Und genau deshalb muss es in dieser zweiten Retro-Ausgabe unseres Magazins einen weiteren Artikel darüber geben. Zwei DDR-HiFi-Geschichten unserer Leser habe ich dafür exemplarisch herausgesucht. Und ich recherchierte, wie die DDR eigentlich klang. Gab es einen typischen DDR-Sound? Und wo bekamen die Menschen des kleinen Landes ihre Musik her? Dabei entdeckte ich Zusammenhänge, die ich niemals erwartet hätte. Doch starten wir mit einer Lesergeschichte.

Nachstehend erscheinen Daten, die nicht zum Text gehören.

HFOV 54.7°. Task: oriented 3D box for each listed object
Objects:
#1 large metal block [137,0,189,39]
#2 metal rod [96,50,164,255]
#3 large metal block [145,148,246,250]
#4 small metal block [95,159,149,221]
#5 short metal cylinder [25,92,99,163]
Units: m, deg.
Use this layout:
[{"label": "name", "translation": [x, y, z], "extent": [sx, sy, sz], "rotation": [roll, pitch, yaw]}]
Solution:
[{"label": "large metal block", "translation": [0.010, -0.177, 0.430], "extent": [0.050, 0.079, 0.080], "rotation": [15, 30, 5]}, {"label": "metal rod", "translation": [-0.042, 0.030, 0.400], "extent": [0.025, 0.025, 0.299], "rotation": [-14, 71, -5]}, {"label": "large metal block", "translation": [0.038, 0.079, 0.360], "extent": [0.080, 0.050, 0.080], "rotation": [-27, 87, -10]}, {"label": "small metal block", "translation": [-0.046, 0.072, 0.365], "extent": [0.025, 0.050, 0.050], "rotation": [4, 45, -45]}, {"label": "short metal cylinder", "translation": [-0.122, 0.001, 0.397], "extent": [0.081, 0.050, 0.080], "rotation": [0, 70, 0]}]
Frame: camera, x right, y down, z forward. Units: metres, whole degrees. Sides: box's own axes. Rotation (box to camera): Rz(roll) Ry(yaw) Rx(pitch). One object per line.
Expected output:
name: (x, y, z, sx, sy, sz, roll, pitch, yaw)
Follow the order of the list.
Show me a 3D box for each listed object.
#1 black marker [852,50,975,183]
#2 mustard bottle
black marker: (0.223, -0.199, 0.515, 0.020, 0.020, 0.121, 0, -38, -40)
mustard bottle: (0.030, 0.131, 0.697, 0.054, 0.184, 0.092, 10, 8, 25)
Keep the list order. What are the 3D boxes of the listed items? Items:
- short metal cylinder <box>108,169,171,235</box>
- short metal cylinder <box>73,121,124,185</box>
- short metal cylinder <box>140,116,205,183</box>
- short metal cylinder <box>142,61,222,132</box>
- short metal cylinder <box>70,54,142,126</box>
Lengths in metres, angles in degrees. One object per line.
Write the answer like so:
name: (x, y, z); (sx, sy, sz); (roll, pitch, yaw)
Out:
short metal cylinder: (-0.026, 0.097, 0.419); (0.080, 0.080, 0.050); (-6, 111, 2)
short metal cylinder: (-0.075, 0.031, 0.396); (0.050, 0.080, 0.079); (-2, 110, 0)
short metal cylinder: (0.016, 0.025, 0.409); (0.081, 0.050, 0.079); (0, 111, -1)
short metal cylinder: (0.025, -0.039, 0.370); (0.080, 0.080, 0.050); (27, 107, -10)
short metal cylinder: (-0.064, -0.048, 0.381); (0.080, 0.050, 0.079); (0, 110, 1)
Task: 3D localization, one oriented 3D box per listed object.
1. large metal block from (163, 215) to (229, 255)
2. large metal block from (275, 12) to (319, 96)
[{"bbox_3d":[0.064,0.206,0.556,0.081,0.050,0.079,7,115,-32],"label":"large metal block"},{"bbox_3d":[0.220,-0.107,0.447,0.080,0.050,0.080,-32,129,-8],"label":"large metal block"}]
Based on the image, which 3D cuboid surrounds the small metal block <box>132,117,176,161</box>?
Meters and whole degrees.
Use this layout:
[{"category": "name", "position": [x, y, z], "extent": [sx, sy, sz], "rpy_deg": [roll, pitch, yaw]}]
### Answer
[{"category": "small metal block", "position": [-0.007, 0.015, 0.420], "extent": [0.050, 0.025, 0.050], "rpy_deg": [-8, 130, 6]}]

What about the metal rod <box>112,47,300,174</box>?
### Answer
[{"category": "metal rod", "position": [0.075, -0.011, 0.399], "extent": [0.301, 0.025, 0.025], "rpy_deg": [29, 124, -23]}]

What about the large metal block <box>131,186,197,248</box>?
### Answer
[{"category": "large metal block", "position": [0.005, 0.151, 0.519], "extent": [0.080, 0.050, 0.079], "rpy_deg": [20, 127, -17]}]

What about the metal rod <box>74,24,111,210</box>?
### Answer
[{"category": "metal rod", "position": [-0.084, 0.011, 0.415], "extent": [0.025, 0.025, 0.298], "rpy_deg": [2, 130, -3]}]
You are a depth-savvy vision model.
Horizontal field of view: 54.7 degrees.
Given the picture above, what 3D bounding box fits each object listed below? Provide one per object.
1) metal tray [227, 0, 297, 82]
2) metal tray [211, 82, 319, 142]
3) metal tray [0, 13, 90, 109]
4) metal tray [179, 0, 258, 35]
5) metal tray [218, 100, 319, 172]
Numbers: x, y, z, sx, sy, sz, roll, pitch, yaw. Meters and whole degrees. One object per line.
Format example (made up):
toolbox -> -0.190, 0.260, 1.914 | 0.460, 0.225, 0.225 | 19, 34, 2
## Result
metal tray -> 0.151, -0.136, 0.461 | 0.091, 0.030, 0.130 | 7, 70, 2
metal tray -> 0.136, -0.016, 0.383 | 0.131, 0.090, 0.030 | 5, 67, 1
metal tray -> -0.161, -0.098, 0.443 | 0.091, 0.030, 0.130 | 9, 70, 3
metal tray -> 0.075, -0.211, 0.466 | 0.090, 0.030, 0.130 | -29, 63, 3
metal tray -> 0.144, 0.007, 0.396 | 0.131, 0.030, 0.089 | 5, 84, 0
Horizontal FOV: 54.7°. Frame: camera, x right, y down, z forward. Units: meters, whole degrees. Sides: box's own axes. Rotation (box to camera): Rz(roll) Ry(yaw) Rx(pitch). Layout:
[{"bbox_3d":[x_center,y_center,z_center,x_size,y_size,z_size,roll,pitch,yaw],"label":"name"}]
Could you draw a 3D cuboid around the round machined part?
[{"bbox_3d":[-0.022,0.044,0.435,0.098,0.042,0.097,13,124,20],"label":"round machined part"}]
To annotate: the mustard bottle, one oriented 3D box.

Das beste DDR-Radio, das es nie gab
1987/88 wurde ein ungewöhnliches Radio auf der Kunstausstellung in Dresden und kurz darauf auf der Leipziger Frühjahrsmesse 1988 gezeigt. Auch unser Leser Ekhardt Preuss war damals dabei und erinnert sich noch, wie die Besucher kontrovers über dieses „RK 90 Sensit Cubus“ diskutierten. Schon allein die ungewöhnliche Würfel-Form war ein Aufreger. Wie fast alle revolutionären Radios der DDR kam es aus dem VEB Gerätebau Limbach. In der Bevölkerung hieß der aber nur: Heliradio, denn so lautete der Firmenname vor der Verstaatlichung. Kreativität und Erfindungsreichtum prägten stets die Produkte von Heliradio. Und selbst heute haben die Tuner, All-In-One-Anlagen, Lautsprecher oder Receiver aus Limbach-Oberfrohna eine große und treue Fangemeinde.

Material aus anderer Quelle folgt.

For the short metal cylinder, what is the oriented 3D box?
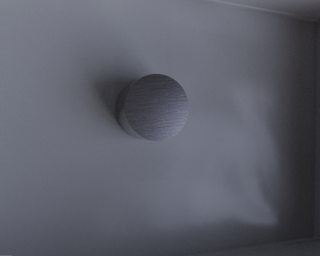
[{"bbox_3d":[-0.011,-0.024,0.391,0.081,0.050,0.080,0,90,-20],"label":"short metal cylinder"}]
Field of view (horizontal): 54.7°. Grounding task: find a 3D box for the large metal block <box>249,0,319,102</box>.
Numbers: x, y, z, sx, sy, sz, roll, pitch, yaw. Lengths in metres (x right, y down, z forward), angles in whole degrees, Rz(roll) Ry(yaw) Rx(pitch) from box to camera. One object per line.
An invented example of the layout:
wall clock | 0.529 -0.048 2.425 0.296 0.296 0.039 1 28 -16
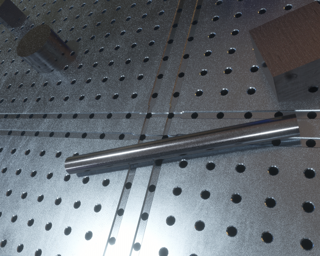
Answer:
large metal block | 0.160 -0.089 0.362 0.080 0.050 0.080 -22 54 14

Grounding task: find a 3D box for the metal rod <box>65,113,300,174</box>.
metal rod | 0.010 0.025 0.386 0.301 0.025 0.025 -12 57 21

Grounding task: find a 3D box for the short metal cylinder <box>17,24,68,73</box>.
short metal cylinder | -0.228 -0.154 0.603 0.080 0.050 0.080 -13 56 20

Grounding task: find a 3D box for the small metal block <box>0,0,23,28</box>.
small metal block | -0.374 -0.281 0.757 0.025 0.050 0.050 12 68 33
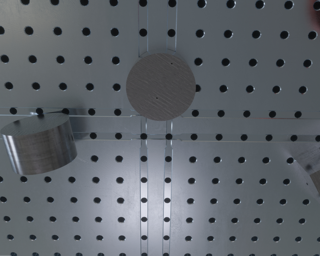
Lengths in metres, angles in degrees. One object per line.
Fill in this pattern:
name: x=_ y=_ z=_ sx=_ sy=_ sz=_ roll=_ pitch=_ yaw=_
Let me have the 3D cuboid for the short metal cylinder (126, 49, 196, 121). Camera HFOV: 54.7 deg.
short metal cylinder: x=0.001 y=-0.054 z=0.380 sx=0.081 sy=0.050 sz=0.079 roll=0 pitch=110 yaw=0

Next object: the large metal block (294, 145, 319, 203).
large metal block: x=0.247 y=0.064 z=0.426 sx=0.080 sy=0.050 sz=0.080 roll=-30 pitch=108 yaw=10

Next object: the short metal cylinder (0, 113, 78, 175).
short metal cylinder: x=-0.150 y=0.017 z=0.389 sx=0.080 sy=0.080 sz=0.050 roll=-6 pitch=110 yaw=2
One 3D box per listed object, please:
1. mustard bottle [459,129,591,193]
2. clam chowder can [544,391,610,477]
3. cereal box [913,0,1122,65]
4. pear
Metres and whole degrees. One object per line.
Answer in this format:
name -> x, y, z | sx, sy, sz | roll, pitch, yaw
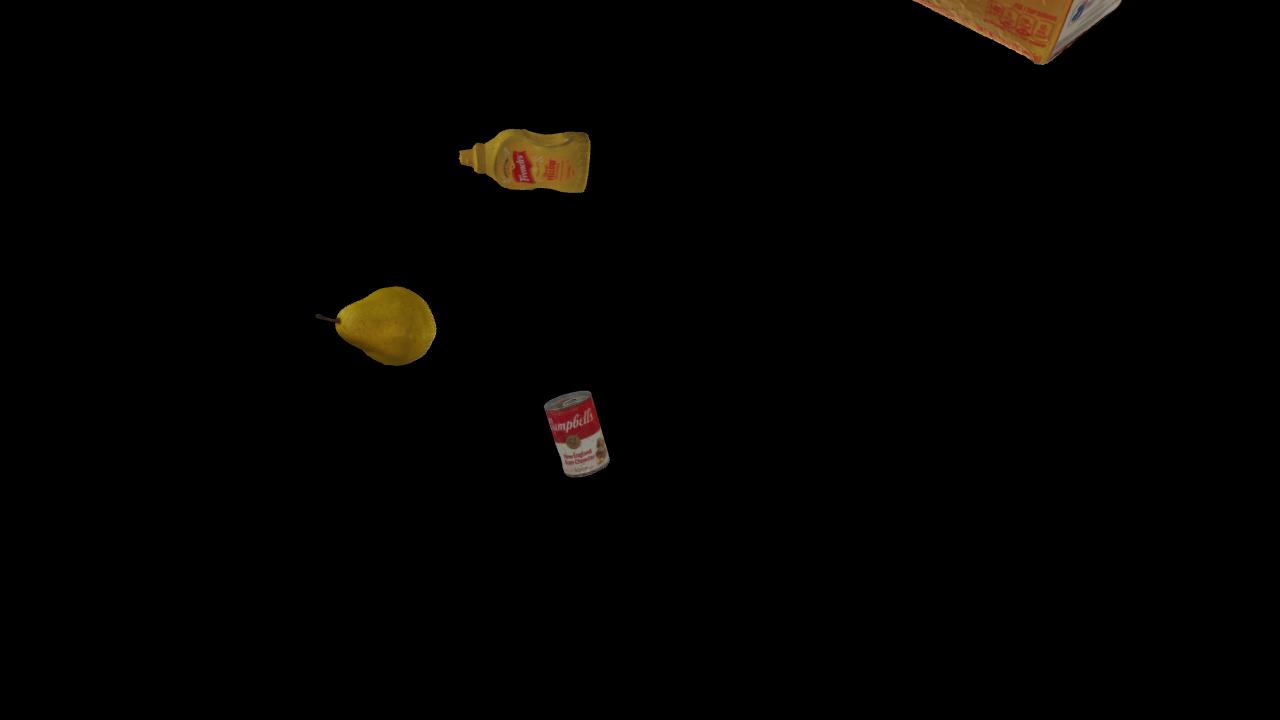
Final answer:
mustard bottle -> -0.168, -0.290, 0.895 | 0.184, 0.054, 0.092 | -2, -36, -15
clam chowder can -> -0.086, 0.101, 0.845 | 0.068, 0.102, 0.068 | -14, 13, 3
cereal box -> 0.193, -0.338, 0.311 | 0.081, 0.203, 0.306 | -37, -29, -4
pear -> -0.254, -0.031, 0.597 | 0.080, 0.080, 0.111 | 0, 7, 26
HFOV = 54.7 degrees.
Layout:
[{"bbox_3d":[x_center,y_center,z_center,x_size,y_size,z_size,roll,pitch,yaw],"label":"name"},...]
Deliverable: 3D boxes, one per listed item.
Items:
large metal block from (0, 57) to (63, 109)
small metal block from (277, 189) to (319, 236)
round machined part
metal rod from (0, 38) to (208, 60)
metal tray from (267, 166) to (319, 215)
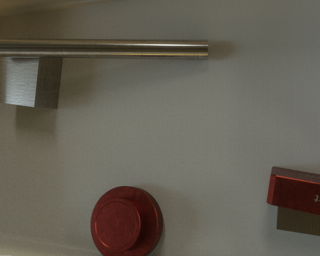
[{"bbox_3d":[-0.199,-0.074,0.466,0.080,0.050,0.079,8,93,19],"label":"large metal block"},{"bbox_3d":[0.161,0.091,0.354,0.050,0.025,0.050,4,91,19],"label":"small metal block"},{"bbox_3d":[-0.049,0.126,0.406,0.098,0.042,0.098,-5,75,19],"label":"round machined part"},{"bbox_3d":[-0.090,-0.104,0.406,0.302,0.025,0.025,2,91,6],"label":"metal rod"},{"bbox_3d":[0.183,0.070,0.324,0.130,0.090,0.030,9,92,21],"label":"metal tray"}]
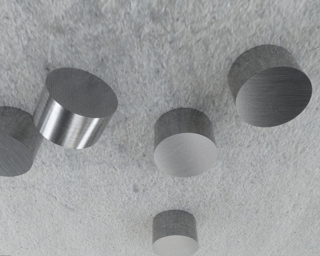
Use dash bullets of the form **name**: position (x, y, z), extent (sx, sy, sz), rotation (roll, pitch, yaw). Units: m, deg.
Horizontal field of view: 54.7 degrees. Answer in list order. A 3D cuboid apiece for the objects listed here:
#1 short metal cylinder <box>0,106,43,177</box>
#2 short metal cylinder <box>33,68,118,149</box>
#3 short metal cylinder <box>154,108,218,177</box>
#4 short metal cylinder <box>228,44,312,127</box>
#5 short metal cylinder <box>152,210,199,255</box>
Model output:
- **short metal cylinder**: position (-0.200, 0.018, 0.403), extent (0.081, 0.050, 0.079), rotation (0, 130, 0)
- **short metal cylinder**: position (-0.095, -0.023, 0.350), extent (0.080, 0.080, 0.050), rotation (23, 126, -19)
- **short metal cylinder**: position (0.032, 0.020, 0.408), extent (0.081, 0.050, 0.079), rotation (0, 130, 0)
- **short metal cylinder**: position (0.122, -0.047, 0.353), extent (0.081, 0.050, 0.079), rotation (0, 130, 0)
- **short metal cylinder**: position (0.027, 0.191, 0.554), extent (0.081, 0.050, 0.079), rotation (0, 130, 0)

Doch zurück zum „Heli RK 90 Sensit Cubus“. Für die DDR war es ein revolutionäres Radio. Es besaß eine vollständige digitale Steuerung sowie Frequenzaufbereitung. Zudem konnten die meisten Funktionen nur per Fernbedienung ausgeführt werden, für die DDR ein absolutes Novum. Und natürlich war die Optik spektakulär. Im ausgeschalteten Zustand war es praktisch ein schwarzer Würfel. Erst wann man es einschaltete, offenbarte es seine eindrucksvolle Technik. Überall blinkten rote, grüne und orange LEDs und selbst die Sender wurden digital angezeigt. Für Technikfreunde ist das heute noch ein wahrer Augenschmaus.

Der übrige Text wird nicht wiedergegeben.